Automated Detection of HPP Vulnerabilities in Web Applications

Black Hat USA 2011

Presented by: Marco Balduzzi
Date: Thursday August 04, 2011
Time: 16:45 - 18:00
Location: Roman
Track: Web Hacking

HTTP Parameter Pollution (HPP) is a recent class of web vulnerabilities that consists of injecting encoded query string delimiters into other existing HTTP parameters. When a web application does not properly sanitize the user input, a malicious user can compromise the logic of the application to perform either client-side or server-side attacks.

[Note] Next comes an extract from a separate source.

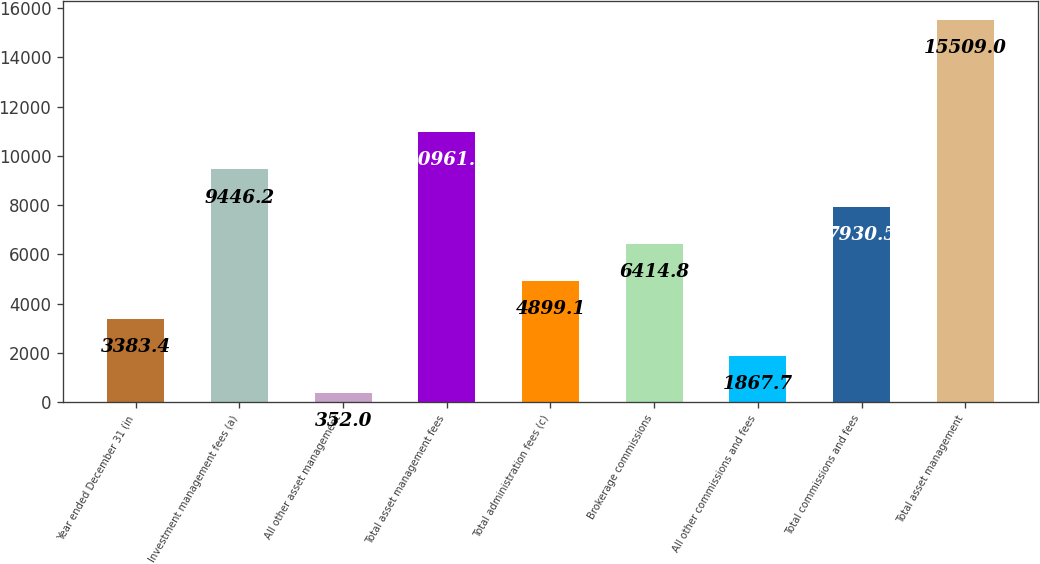Convert chart to OTSL. <chart><loc_0><loc_0><loc_500><loc_500><bar_chart><fcel>Year ended December 31 (in<fcel>Investment management fees (a)<fcel>All other asset management<fcel>Total asset management fees<fcel>Total administration fees (c)<fcel>Brokerage commissions<fcel>All other commissions and fees<fcel>Total commissions and fees<fcel>Total asset management<nl><fcel>3383.4<fcel>9446.2<fcel>352<fcel>10961.9<fcel>4899.1<fcel>6414.8<fcel>1867.7<fcel>7930.5<fcel>15509<nl></chart>

To begin with, I introduce HTTP Parameter Pollution by analyzing different real attacking scenarios and discussing the problems that may face. I will then present the first automated system, called PAPAS that we designed for the detection of HPP flaws in real web applications. PAPAS combines a modified version of Firefox with a crawler and two scanners in order to analyze web pages efficiently for the presence of vulnerable parameters that can be injected with arbitrary HPP payloads.

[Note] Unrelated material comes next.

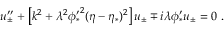<formula> <loc_0><loc_0><loc_500><loc_500>u _ { \pm } ^ { \prime \prime } + \left [ k ^ { 2 } + \lambda ^ { 2 } { \phi _ { * } ^ { \prime } } ^ { 2 } ( \eta - \eta _ { * } ) ^ { 2 } \right ] u _ { \pm } \mp i \lambda \phi _ { * } ^ { \prime } u _ { \pm } = 0 \ .</formula> 
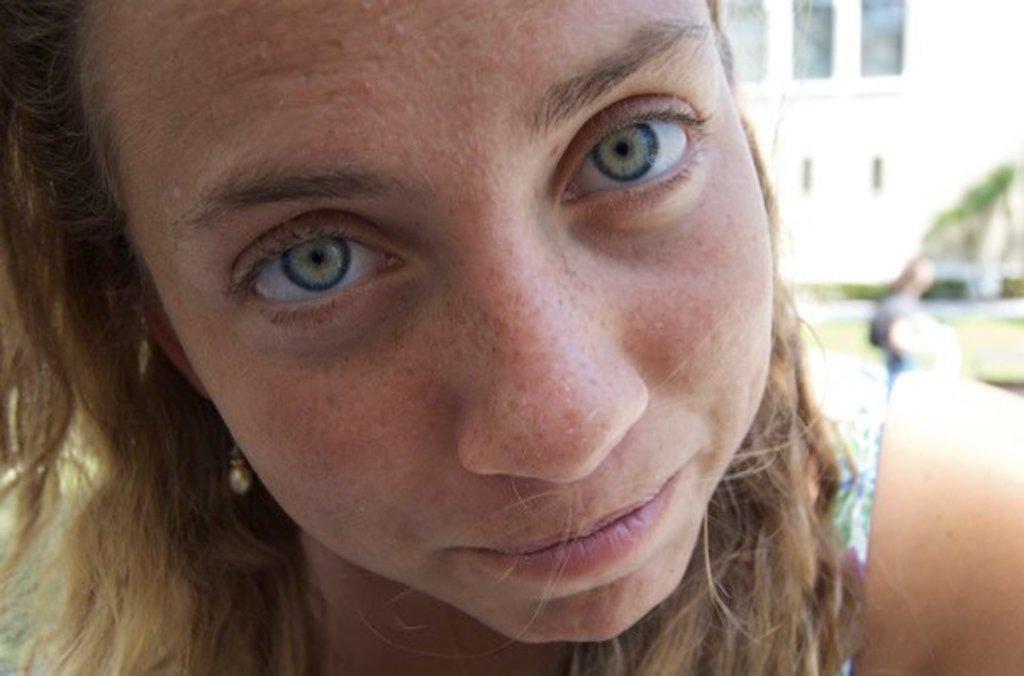Please provide a concise description of this image. In this picture there is a woman who is wearing white dress. On the right there is another woman who is standing on the road. in the background we can see the building, door, plants and grass.

PAPAS has been used to conduct a large-scale experiment of the Internet by testing more than 5,000 popular websites and discovering unknown HPP bugs in many important and well-known sites such as Facebook, Google and Paypal.

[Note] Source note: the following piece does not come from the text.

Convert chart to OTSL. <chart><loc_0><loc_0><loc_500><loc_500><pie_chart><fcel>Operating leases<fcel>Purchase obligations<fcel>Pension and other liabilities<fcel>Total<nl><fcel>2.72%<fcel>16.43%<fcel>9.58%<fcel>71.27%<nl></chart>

The talk features a live demo of PAPAS, which has been made available as a free-to-use service recently. I will conclude the talk by discussing the different countermeasures that conscious web designers may adopt to deal with this novel class of injection vulnerabilities.

Marco Balduzzi

Marco Balduzzi holds an MSc. in computer engineering and has been involved in IT-Security for more then 8 years with international experiences in both industrial and academic fields. He worked as security consultant and engineer for different companies in Milan, Munich and Sophia-Antipolis, in south France, before joining EURECOM and the International Secure Systems Lab as Ph.D. researcher. He attended well-known and high-profile conferences all over (Blackhat, OWASP AppSec, NDSS) and currently speak five different languages. Being a Free Software sympathizer, in the year 2K, he cofounded the Bergamo Linux User Group and the University Laboratory of Applied Computing. In former times, he was an active member of several open-source projects and Italian hacking groups.